CONGRATULATIONS to Glasgow's Larry Dean for winning the Scottish Comedian of the Year contest.

We liked the story Larry once told of sitting his mum and dad down in the kitchen and telling them he was gay.

"My father stormed out of the room," recalled Larry. "I was standing there thinking I had ruined the family and how would we recover from this when he came back in and handed my mum a tenner."

Iron brouhaha

LANGUAGE difficulties continued. John Speirs tells us: "I remember an article for sale in a local paper which was described as a 'Rot Iron paper rack'. I wonder how long it lasted."

Courting disaster?

OUR mention of the menswear firm Slater's reminds an Ayrshire reader of the occasion he was shopping there and heard a chap trying on a suit say to his pal: "What do you think?"

"Not that one," said his mate, who elucidated: "To me, that says 'guilty'. Take the other one, it's more sober."

Such a boar...

SAD to hear of the death of doughty QC Jock Thomson, who was a well-liked figure in the Scottish courts. We recall when he was a young procurator fiscal in Glasgow prosecuting a chap selling blue movies. A sample film was being shown to the jury which involved a couple who were accompanied on screen by a pig. The jury were eventually becoming bored with the movie as one jury member was heard to mutter: "Has naebody telt them it's mare fun wi'oot the pig?"

Pitching in

GRANT Young, who we mentioned was cycling across Europe for charity, ended up in the Serbian city of Novi Sad where Scotland were beaten in a football international earlier this year. The locals were recalling that members of the Tartan Army took their tops off to help clear the snow off the pitch so the game could go ahead.

Added one Serbian: "You Scots might not have been much good on the pitch, but by God you can clear them."

Innocents abroad

GLASGOW crime writer Robert Jeffrey is just back from Venice where, strolling across the Rialto, he heard an American say to her spouse: "Honey, what came first, the water or the bridges?" Back in his local, he told this to a friend who replied: "That's nothing - I heard an American tourist in the West Highlands who asked her husband, 'Is that the same moon we see in Texas?'"

Dirty humour

WE must end our swimming baths stories as Cora Snyder has told us one of the oldest ones ever.
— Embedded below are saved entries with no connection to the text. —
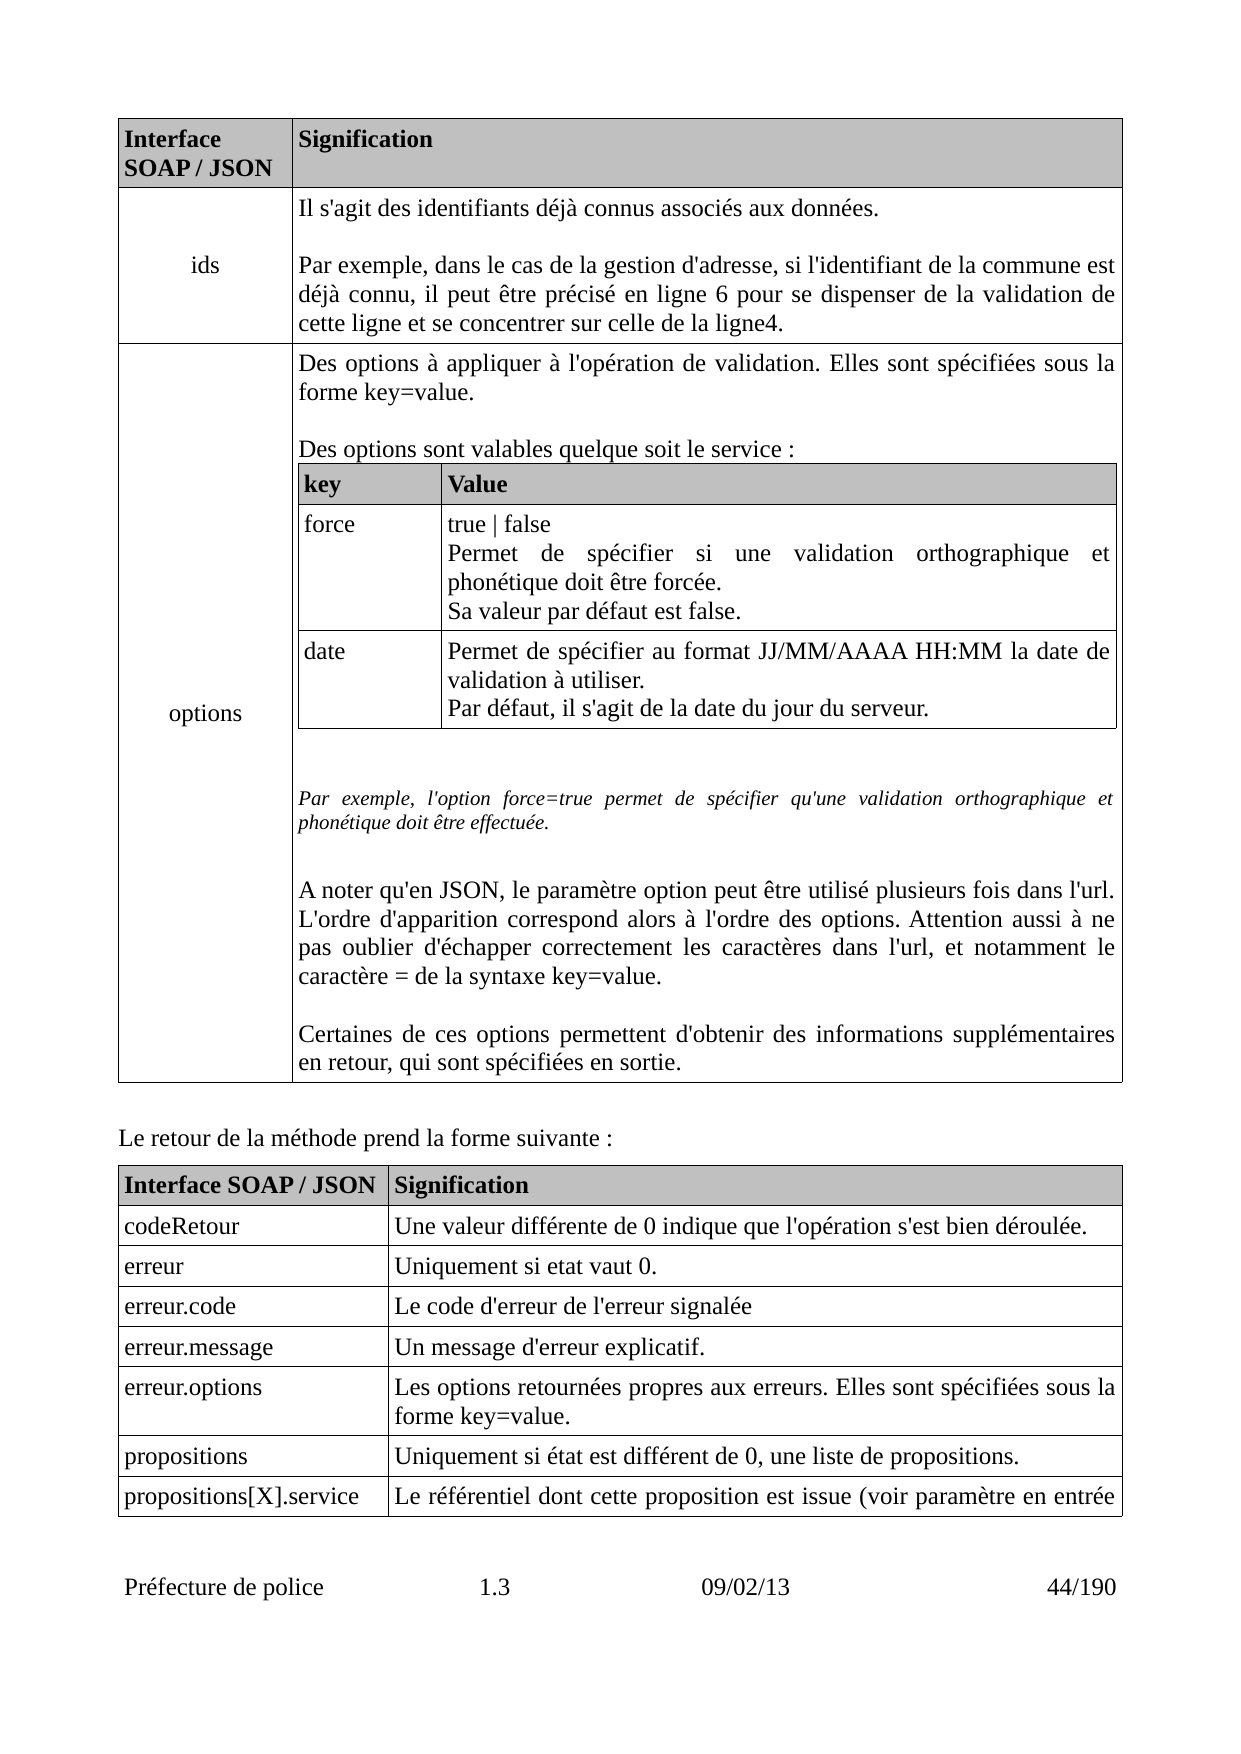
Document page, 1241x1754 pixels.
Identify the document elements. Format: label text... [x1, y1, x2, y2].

table_cell ids [119, 188, 292, 342]
table_header Signification [389, 1166, 1122, 1205]
table_cell codeRetour [119, 1206, 388, 1245]
table_cell propositions [119, 1436, 388, 1476]
table_cell erreur.options [119, 1367, 388, 1435]
table_header Value [442, 464, 1116, 504]
table_cell erreur.message [119, 1327, 388, 1366]
table_cell Permet de spécifier au format JJ/MM/AAAA HH:MM la date de validation à utiliser. Par défaut, il s'agit de la date du jour du serveur. [442, 631, 1116, 728]
text Le retour de la méthode prend la forme suivante : [118, 1123, 1122, 1152]
table_cell Les options retournées propres aux erreurs. Elles sont spécifiées sous la forme key=value. [389, 1367, 1122, 1435]
table_header Signification [293, 119, 1122, 187]
table_cell Le référentiel dont cette proposition est issue (voir paramètre en entrée [389, 1477, 1122, 1516]
table_cell erreur [119, 1246, 388, 1286]
table_cell true | false Permet de spécifier si une validation orthographique et phonétique doit être forcée. Sa valeur par défaut est false. [442, 505, 1116, 630]
table_header Interface SOAP / JSON [119, 1166, 388, 1205]
table_cell erreur.code [119, 1287, 388, 1326]
table_cell propositions[X].service [119, 1477, 388, 1516]
table_cell Un message d'erreur explicatif. [389, 1327, 1122, 1366]
table_cell Uniquement si état est différent de 0, une liste de propositions. [389, 1436, 1122, 1476]
table_cell Uniquement si etat vaut 0. [389, 1246, 1122, 1286]
table_cell Il s'agit des identifiants déjà connus associés aux données. Par exemple, dans le cas de la gestion d'adresse, si l'identifiant de la commune est déjà connu, il peut être précisé en ligne 6 pour se dispenser de la validation de cette ligne et se concentrer sur celle de la ligne4. [293, 188, 1122, 342]
table_cell options [119, 344, 292, 1082]
table_cell Le code d'erreur de l'erreur signalée [389, 1287, 1122, 1326]
table_cell date [299, 631, 441, 728]
table_cell Des options à appliquer à l'opération de validation. Elles sont spécifiées sous la forme key=value. Des options sont valables quelque soit le service : Par exemple, l'option force=true permet de spécifier qu'une validation orthographique et phonétique doit être effectuée. A noter qu'en JSON, le paramètre option peut être utilisé plusieurs fois dans l'url. L'ordre d'apparition correspond alors à l'ordre des options. Attention aussi à ne pas oublier d'échapper correctement les caractères dans l'url, et notamment le caractère = de la syntaxe key=value. Certaines de ces options permettent d'obtenir des informations supplémentaires en retour, qui sont spécifiées en sortie. [293, 344, 1122, 1082]
table_cell force [299, 505, 441, 630]
table_cell Une valeur différente de 0 indique que l'opération s'est bien déroulée. [389, 1206, 1122, 1245]
table_header Interface SOAP / JSON [119, 119, 292, 187]
table_header key [299, 464, 441, 504]

Her grandfather once told her of a bather who had filthy ankles where the dirt had gone through his socks, but his feet were white as a milk bottle below the shoe line. As he was about to walk through the wee pool of disinfected water before taking the plunge, the attendant reproached him: "Haw Jimmy - nae spats in the pool!"

I know. Spats! Don't worry, back to internet stories tomorrow.

Bullet train

A READER notes that on the First ScotRail website in the section where it gives advice to travellers using sleepers, it states that if they are carrying firearms or ammunition they should advise the telesales staff at the time of booking. ScotRail then adds the perhaps superfluous advice for firearms carriers: "Customers should have single occupancy of a cabin or be sharing with a person known to them."